_PROMPT_
Transcribe all records exactly; omit pictures.

Stored entries

########################################

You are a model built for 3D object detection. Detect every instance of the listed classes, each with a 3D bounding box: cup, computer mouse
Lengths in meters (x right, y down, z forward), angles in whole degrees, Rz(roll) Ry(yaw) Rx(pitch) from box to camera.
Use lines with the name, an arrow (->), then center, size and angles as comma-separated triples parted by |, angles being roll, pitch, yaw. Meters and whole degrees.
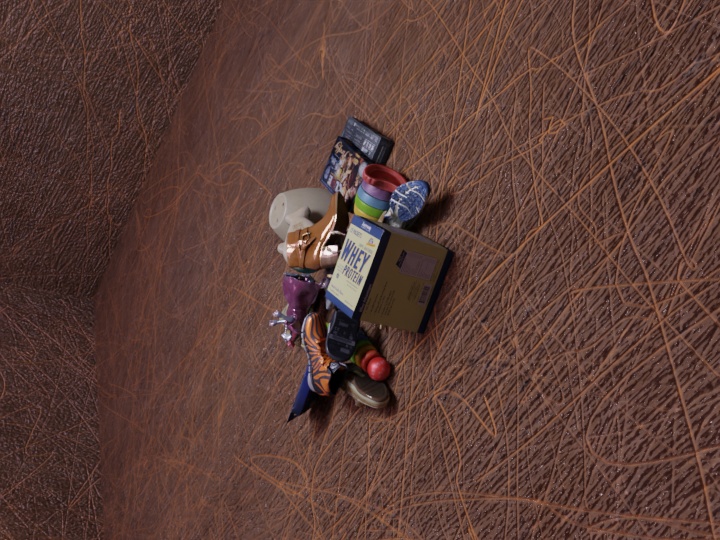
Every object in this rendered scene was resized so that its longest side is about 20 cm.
cup -> -0.178, -0.153, 2.000 | 0.199, 0.142, 0.203 | -25, 58, 49
computer mouse -> -0.012, 0.138, 1.644 | 0.046, 0.139, 0.202 | 119, 163, -55

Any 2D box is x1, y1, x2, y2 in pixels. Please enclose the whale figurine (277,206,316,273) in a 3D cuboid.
whale figurine -> -0.145, -0.078, 1.865 | 0.158, 0.104, 0.201 | -26, 50, 6

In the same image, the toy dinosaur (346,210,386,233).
toy dinosaur -> 0.016, -0.067, 1.654 | 0.101, 0.058, 0.202 | 38, 114, 38

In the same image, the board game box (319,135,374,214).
board game box -> -0.033, -0.252, 1.827 | 0.200, 0.034, 0.137 | 50, 122, 49

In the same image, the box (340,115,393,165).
box -> -0.002, -0.311, 1.878 | 0.200, 0.051, 0.159 | 45, 116, 52

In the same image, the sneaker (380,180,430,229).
sneaker -> 0.109, -0.149, 1.608 | 0.077, 0.085, 0.200 | 48, 139, 8

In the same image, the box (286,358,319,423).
box -> -0.125, 0.294, 1.785 | 0.032, 0.121, 0.202 | 24, 100, 14

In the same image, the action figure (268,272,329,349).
action figure -> -0.167, 0.109, 1.857 | 0.134, 0.147, 0.203 | -174, 87, -77

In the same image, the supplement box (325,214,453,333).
supplement box -> 0.062, 0.009, 1.526 | 0.134, 0.198, 0.202 | 33, 105, 56

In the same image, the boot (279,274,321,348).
boot -> -0.151, 0.114, 1.927 | 0.157, 0.072, 0.200 | -64, 32, 15

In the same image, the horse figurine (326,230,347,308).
horse figurine -> -0.016, -0.014, 1.610 | 0.131, 0.050, 0.203 | 4, 97, 28

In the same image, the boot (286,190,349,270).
boot -> -0.113, -0.100, 1.747 | 0.153, 0.074, 0.203 | -4, 69, 24

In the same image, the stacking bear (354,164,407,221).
stacking bear -> 0.031, -0.149, 1.722 | 0.114, 0.120, 0.202 | -92, 21, -59

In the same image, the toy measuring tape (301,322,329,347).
toy measuring tape -> -0.089, 0.145, 1.796 | 0.199, 0.073, 0.074 | -38, 48, 32

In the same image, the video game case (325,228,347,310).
video game case -> -0.064, -0.027, 1.827 | 0.183, 0.022, 0.202 | 117, 155, -56

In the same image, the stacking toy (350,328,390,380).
stacking toy -> 0.006, 0.195, 1.661 | 0.200, 0.085, 0.086 | 36, 108, 49

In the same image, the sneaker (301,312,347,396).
sneaker -> -0.078, 0.201, 1.653 | 0.111, 0.077, 0.203 | 3, 104, 55

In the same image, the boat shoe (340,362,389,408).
boat shoe -> 0.008, 0.287, 1.640 | 0.200, 0.071, 0.077 | 30, 124, 60
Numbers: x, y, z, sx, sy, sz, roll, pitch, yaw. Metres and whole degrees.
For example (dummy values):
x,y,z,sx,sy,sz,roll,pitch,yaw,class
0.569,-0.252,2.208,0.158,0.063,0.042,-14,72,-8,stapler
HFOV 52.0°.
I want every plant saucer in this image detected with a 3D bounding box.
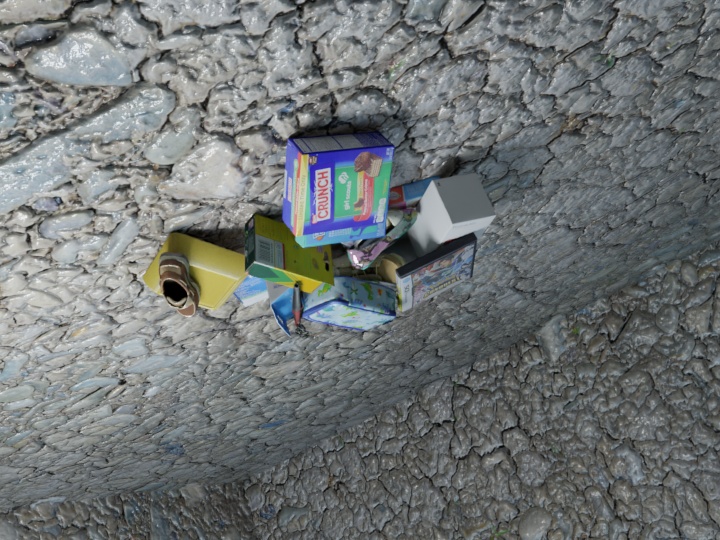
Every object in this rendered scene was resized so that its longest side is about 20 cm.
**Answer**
x,y,z,sx,sy,sz,roll,pitch,yaw,class
-0.350,0.017,1.595,0.198,0.049,0.200,20,139,-26,plant saucer

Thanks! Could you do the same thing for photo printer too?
x,y,z,sx,sy,sz,roll,pitch,yaw,class
0.128,-0.021,1.836,0.165,0.070,0.199,10,-151,37,photo printer

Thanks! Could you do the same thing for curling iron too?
x,y,z,sx,sy,sz,roll,pitch,yaw,class
-0.132,0.088,1.629,0.026,0.049,0.201,-41,153,-27,curling iron

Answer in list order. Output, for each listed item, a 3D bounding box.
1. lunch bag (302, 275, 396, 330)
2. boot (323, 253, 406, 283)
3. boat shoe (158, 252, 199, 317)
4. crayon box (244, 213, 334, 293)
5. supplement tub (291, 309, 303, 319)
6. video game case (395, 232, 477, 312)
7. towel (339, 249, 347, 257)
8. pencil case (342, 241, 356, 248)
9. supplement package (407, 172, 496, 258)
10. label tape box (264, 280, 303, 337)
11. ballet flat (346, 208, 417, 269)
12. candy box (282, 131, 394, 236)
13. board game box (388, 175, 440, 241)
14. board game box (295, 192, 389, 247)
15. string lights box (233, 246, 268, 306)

########################################

_WRITTEN SOLUTION_
You are a model built for 3D object detection. Detect every instance of the listed classes, each with a 3D bounding box: cup, computer mouse
Lengths in meters (x right, y down, z forward), angles in whole degrees, Rz(roll) Ry(yaw) Rx(pitch) from box to camera.
Use lines with the name, an arrow (->), then center, size and angles as comma-separated triples parted by |, angles being roll, pitch, yaw. Meters and whole degrees.
Every object in this rendered scene was resized so that its longest side is about 20 cm.
cup -> -0.178, -0.153, 2.000 | 0.199, 0.142, 0.203 | -25, 58, 49
computer mouse -> -0.012, 0.138, 1.644 | 0.046, 0.139, 0.202 | 119, 163, -55

Any 2D box is x1, y1, x2, y2 in pixels. Please enclose the whale figurine (277,206,316,273) in a 3D cuboid.
whale figurine -> -0.145, -0.078, 1.865 | 0.158, 0.104, 0.201 | -26, 50, 6

In the same image, the toy dinosaur (346,210,386,233).
toy dinosaur -> 0.016, -0.067, 1.654 | 0.101, 0.058, 0.202 | 38, 114, 38

In the same image, the board game box (319,135,374,214).
board game box -> -0.033, -0.252, 1.827 | 0.200, 0.034, 0.137 | 50, 122, 49

In the same image, the box (340,115,393,165).
box -> -0.002, -0.311, 1.878 | 0.200, 0.051, 0.159 | 45, 116, 52

In the same image, the sneaker (380,180,430,229).
sneaker -> 0.109, -0.149, 1.608 | 0.077, 0.085, 0.200 | 48, 139, 8

In the same image, the box (286,358,319,423).
box -> -0.125, 0.294, 1.785 | 0.032, 0.121, 0.202 | 24, 100, 14

In the same image, the action figure (268,272,329,349).
action figure -> -0.167, 0.109, 1.857 | 0.134, 0.147, 0.203 | -174, 87, -77

In the same image, the supplement box (325,214,453,333).
supplement box -> 0.062, 0.009, 1.526 | 0.134, 0.198, 0.202 | 33, 105, 56

In the same image, the boot (279,274,321,348).
boot -> -0.151, 0.114, 1.927 | 0.157, 0.072, 0.200 | -64, 32, 15

In the same image, the horse figurine (326,230,347,308).
horse figurine -> -0.016, -0.014, 1.610 | 0.131, 0.050, 0.203 | 4, 97, 28

In the same image, the boot (286,190,349,270).
boot -> -0.113, -0.100, 1.747 | 0.153, 0.074, 0.203 | -4, 69, 24

In the same image, the stacking bear (354,164,407,221).
stacking bear -> 0.031, -0.149, 1.722 | 0.114, 0.120, 0.202 | -92, 21, -59

In the same image, the toy measuring tape (301,322,329,347).
toy measuring tape -> -0.089, 0.145, 1.796 | 0.199, 0.073, 0.074 | -38, 48, 32

In the same image, the video game case (325,228,347,310).
video game case -> -0.064, -0.027, 1.827 | 0.183, 0.022, 0.202 | 117, 155, -56

In the same image, the stacking toy (350,328,390,380).
stacking toy -> 0.006, 0.195, 1.661 | 0.200, 0.085, 0.086 | 36, 108, 49

In the same image, the sneaker (301,312,347,396).
sneaker -> -0.078, 0.201, 1.653 | 0.111, 0.077, 0.203 | 3, 104, 55

In the same image, the boat shoe (340,362,389,408).
boat shoe -> 0.008, 0.287, 1.640 | 0.200, 0.071, 0.077 | 30, 124, 60
Numbers: x, y, z, sx, sy, sz, roll, pitch, yaw. Metres and whole degrees.
For example (dummy values):
x,y,z,sx,sy,sz,roll,pitch,yaw,class
0.569,-0.252,2.208,0.158,0.063,0.042,-14,72,-8,stapler
HFOV 52.0°.
I want every plant saucer in this image detected with a 3D bounding box.
Every object in this rendered scene was resized so that its longest side is about 20 cm.
**Answer**
x,y,z,sx,sy,sz,roll,pitch,yaw,class
-0.350,0.017,1.595,0.198,0.049,0.200,20,139,-26,plant saucer

Thanks! Could you do the same thing for photo printer too?
x,y,z,sx,sy,sz,roll,pitch,yaw,class
0.128,-0.021,1.836,0.165,0.070,0.199,10,-151,37,photo printer

Thanks! Could you do the same thing for curling iron too?
x,y,z,sx,sy,sz,roll,pitch,yaw,class
-0.132,0.088,1.629,0.026,0.049,0.201,-41,153,-27,curling iron

Answer in list order. Output, for each listed item, a 3D bounding box.
1. lunch bag (302, 275, 396, 330)
2. boot (323, 253, 406, 283)
3. boat shoe (158, 252, 199, 317)
4. crayon box (244, 213, 334, 293)
5. supplement tub (291, 309, 303, 319)
6. video game case (395, 232, 477, 312)
7. towel (339, 249, 347, 257)
8. pencil case (342, 241, 356, 248)
9. supplement package (407, 172, 496, 258)
10. label tape box (264, 280, 303, 337)
11. ballet flat (346, 208, 417, 269)
12. candy box (282, 131, 394, 236)
13. board game box (388, 175, 440, 241)
14. board game box (295, 192, 389, 247)
15. string lights box (233, 246, 268, 306)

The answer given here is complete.